Work required
Starting with the line that has "And the 3D box for the car [170,209,226,252]?", retype each line down to the end of the entries below, without leaving any out or adding any.

(Source records)
━━━━━━━━
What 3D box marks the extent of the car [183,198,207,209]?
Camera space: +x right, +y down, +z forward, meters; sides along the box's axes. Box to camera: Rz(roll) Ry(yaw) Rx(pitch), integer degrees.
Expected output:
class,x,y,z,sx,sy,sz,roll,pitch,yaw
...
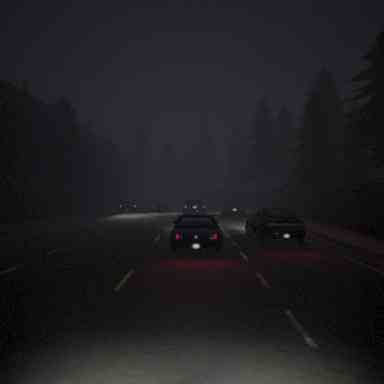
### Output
class,x,y,z,sx,sy,sz,roll,pitch,yaw
car,0.242,1.305,30.330,2.097,1.767,4.553,0,0,0

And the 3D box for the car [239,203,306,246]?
class,x,y,z,sx,sy,sz,roll,pitch,yaw
car,3.672,1.472,15.225,2.128,1.511,4.902,0,0,0

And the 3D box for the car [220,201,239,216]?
class,x,y,z,sx,sy,sz,roll,pitch,yaw
car,3.737,1.521,31.053,1.994,1.385,4.181,0,0,0

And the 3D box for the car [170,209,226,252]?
class,x,y,z,sx,sy,sz,roll,pitch,yaw
car,0.163,1.580,13.772,1.895,1.301,4.718,0,0,0

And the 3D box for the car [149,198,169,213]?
class,x,y,z,sx,sy,sz,roll,pitch,yaw
car,-3.734,1.415,37.081,1.882,1.535,5.008,1,0,-13

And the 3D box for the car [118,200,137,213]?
class,x,y,z,sx,sy,sz,roll,pitch,yaw
car,-6.996,1.535,36.188,1.895,1.301,4.718,0,0,-12
━━━━━━━━
Answer
And the 3D box for the car [170,209,226,252]?
class,x,y,z,sx,sy,sz,roll,pitch,yaw
car,0.163,1.580,13.772,1.895,1.301,4.718,0,0,0

And the 3D box for the car [149,198,169,213]?
class,x,y,z,sx,sy,sz,roll,pitch,yaw
car,-3.734,1.415,37.081,1.882,1.535,5.008,1,0,-13

And the 3D box for the car [118,200,137,213]?
class,x,y,z,sx,sy,sz,roll,pitch,yaw
car,-6.996,1.535,36.188,1.895,1.301,4.718,0,0,-12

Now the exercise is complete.